問 題
高速液体クロマトグラフ法に関する記述として、正しいものはどれか。
- ポリ塩化ビフェニル(PCB)の検定に用いられる。
- 一般的に、内径0.1~1.2mm、長さ5~100mのキャピラリーカラムが用いられる。
- 一般的に、ガスクロマトグラフに比べ、シグナルピークが鋭く分離能が高い。
- ガスクロマトグラフでは測定困難な熱的に不安定な化合物の測定にも適用できる。
- クロマトグラムの保持時間から定量分析を行う。
解 説
(1)で、公害防止管理者試験での出題範囲においては、高速液体クロマトグラフ法で測定できる物質はチウラムのみで、逆に、チウラムを測定できる分析方法は高速液体クロマトグラフ法のみです。そのため、チウラムと高速液体クロマトグラフ法とは完全に結びつけて覚えておくと便利です。
よって、(1)はPCBとあるのでこれは誤りです。
ちなみに、ポリ塩化ビフェニル(PCB)の検定方法として定められているのは、以下の2つです。
- ガスクロマトグラフ法
- ガスクロマトグラフ質量分析法
(2)で、キャピラリーカラムを使うのはガスクロマトグラフの特徴です。ガスクロマトグラフのカラムには充塡カラムまたはキャピラリーカラムを用いますが、高速液体クロマトグラフでは充塡カラムのみを用いるため、(2)も誤りです。
(3)で、その名称からもわかるように、高速液体クロマトグラフ法は移動相が液体であり、ガスクロマトグラフ法は移動相が気体です。試料についても同様で、高速液体クロマトグラフ法は液体のまま流しますが、ガスクロマトグラフ法のときは気化させてからカラムに流します。
ここで、液体と気体を比べると気体のほうが拡散速度が速いため、ガスクロマトグラフ法のほうが試料の各成分が分離しやすい(=分離能が高い)です。
よって、(3)の記述は反対なので、誤りです。
(4)に関して、一般的にはガスクロマトグラフ法は優秀な測定方法ですが、(3)の解説の通り試料を気化させてからカラムに導入するので、熱的に不安定な化合物は測定できないという弱点があります。

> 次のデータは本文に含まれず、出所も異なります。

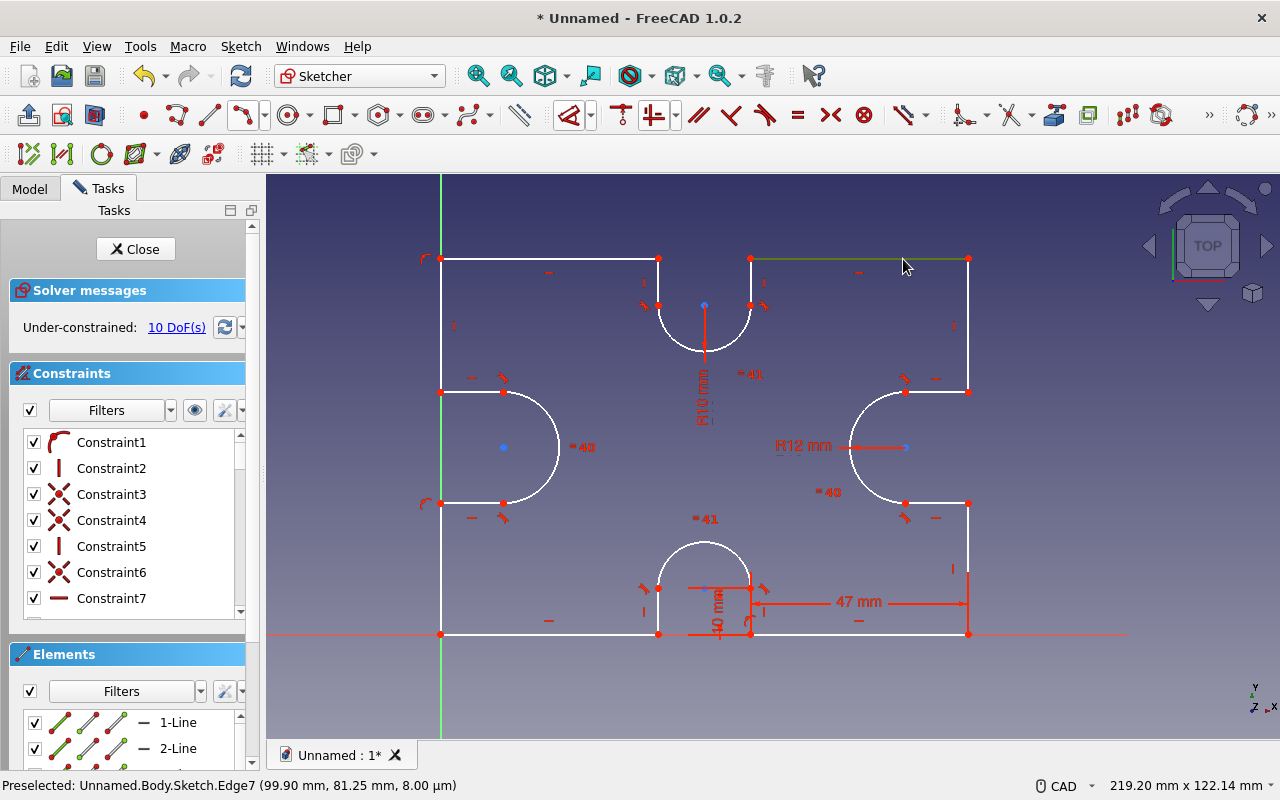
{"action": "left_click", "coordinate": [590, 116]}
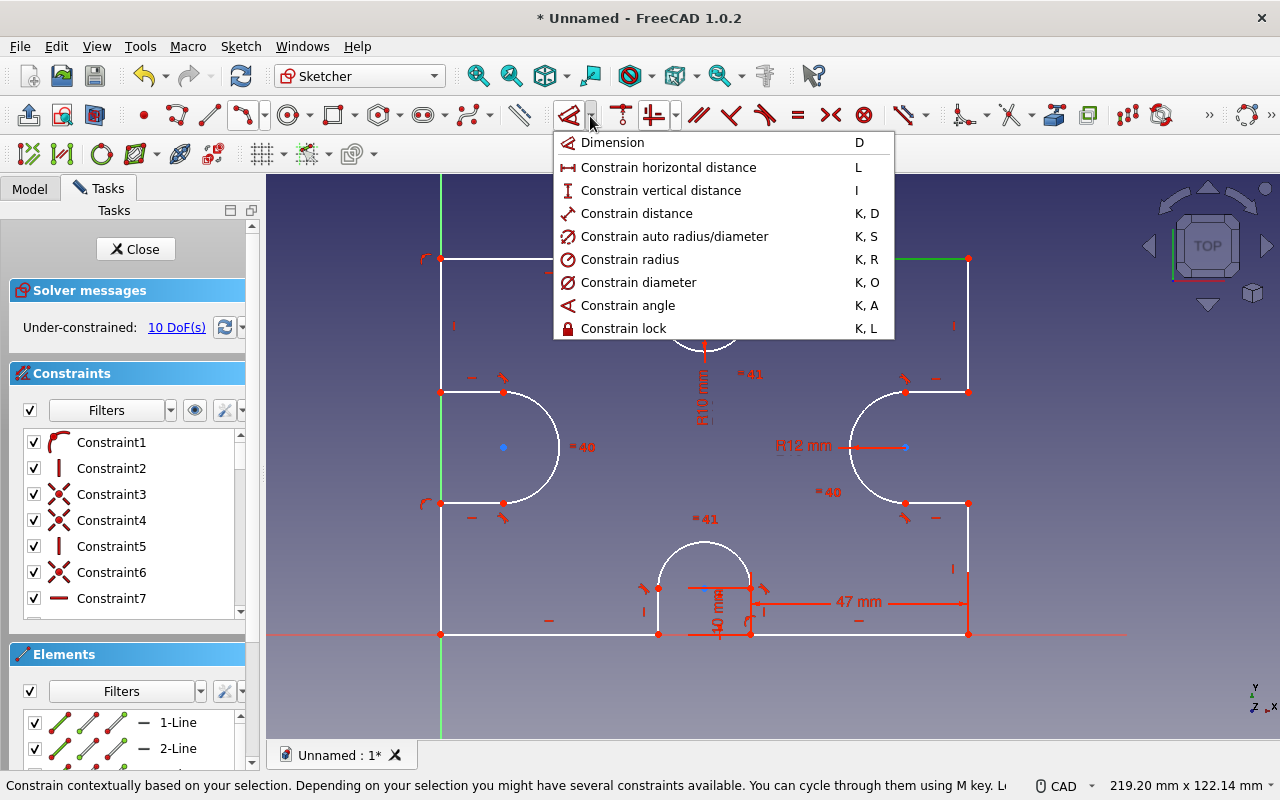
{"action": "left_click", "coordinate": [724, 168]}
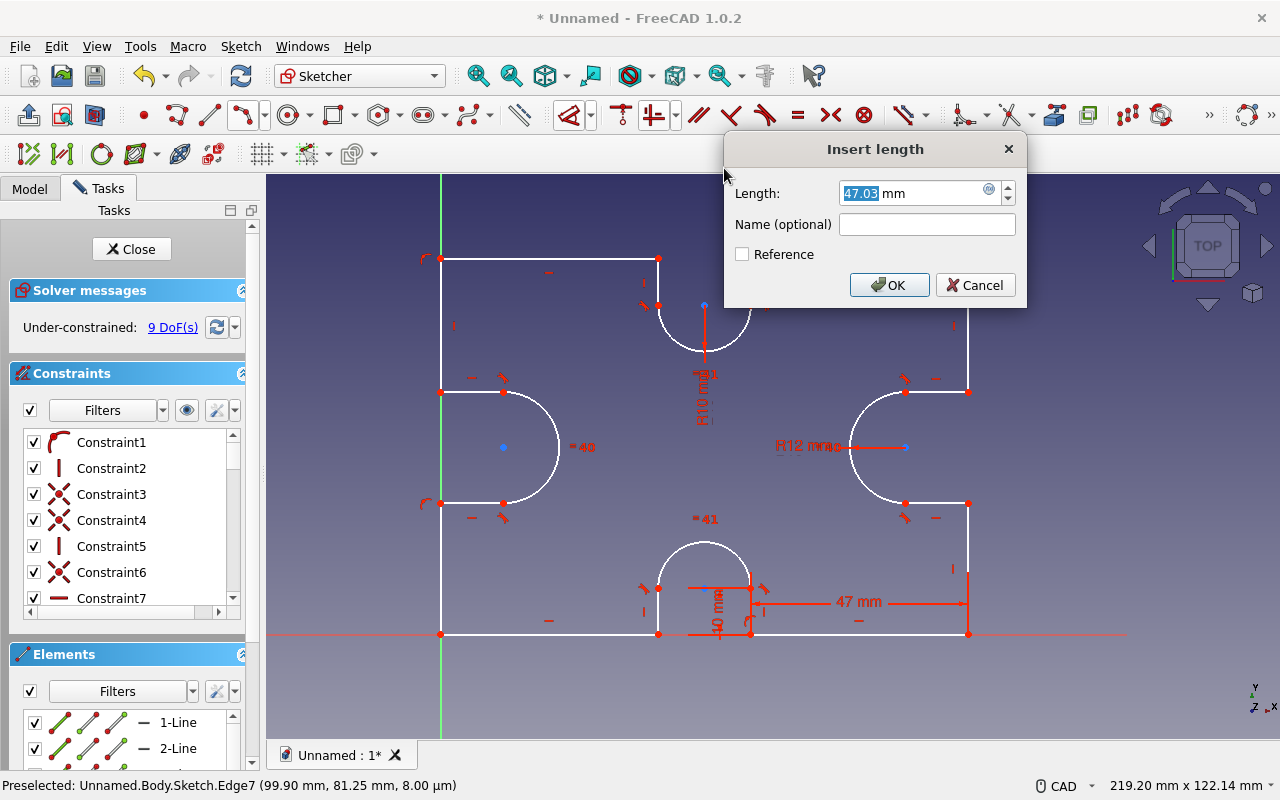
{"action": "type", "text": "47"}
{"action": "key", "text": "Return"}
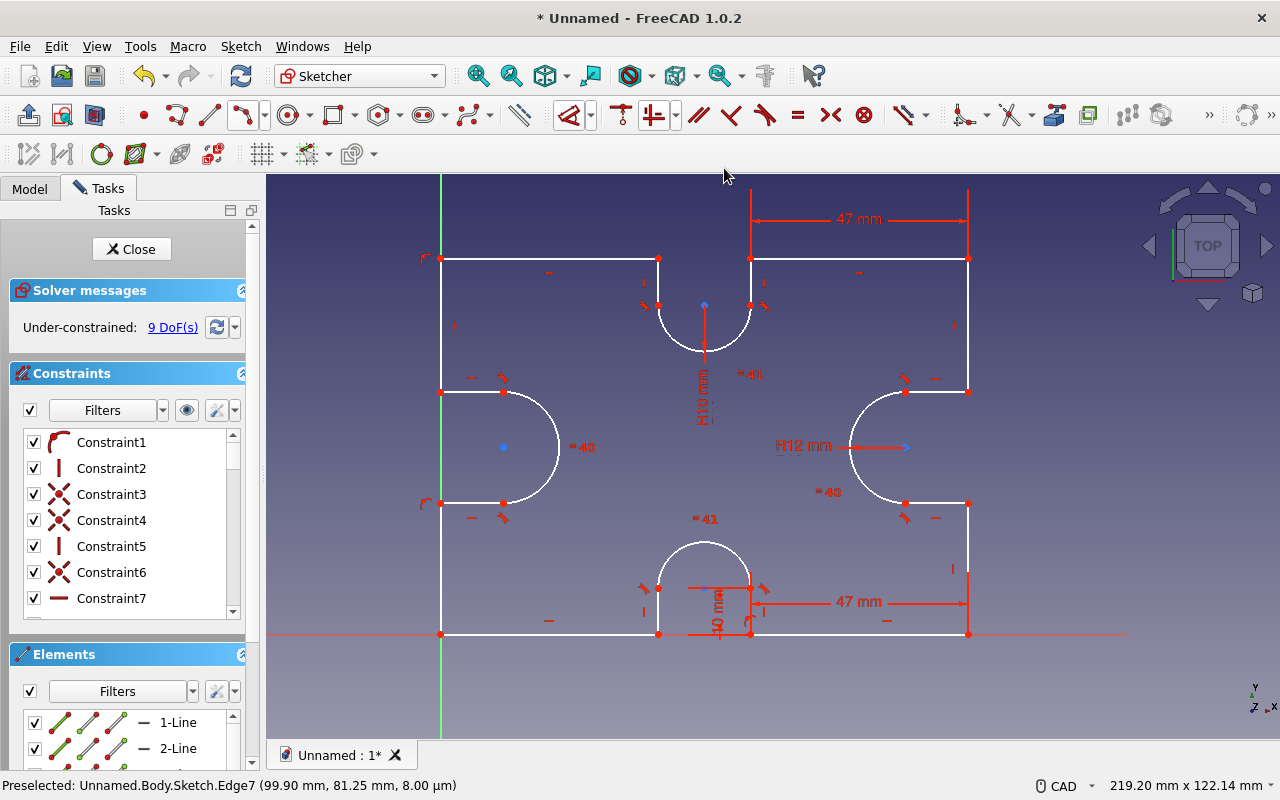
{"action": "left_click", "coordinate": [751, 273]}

一方、高速液体クロマトグラフ法は試料を熱したりしないので、チウラムのような熱的に不安定な化合物でも測定することができます。
よって、(4)の記述は正しいです。
(5)で、時間だけでは対象物質があることはわかっても、それがどのくらい含まれているのかは判別できません。よって、保持時間から行えるのは「定量分析」ではなく「定性分析」です。
クロマトグラムの保持時間から定性分析を、ピークの高さまたは面積から定量分析を行います。
よって、(5)は誤りです。
以上から、正解は(4)となります。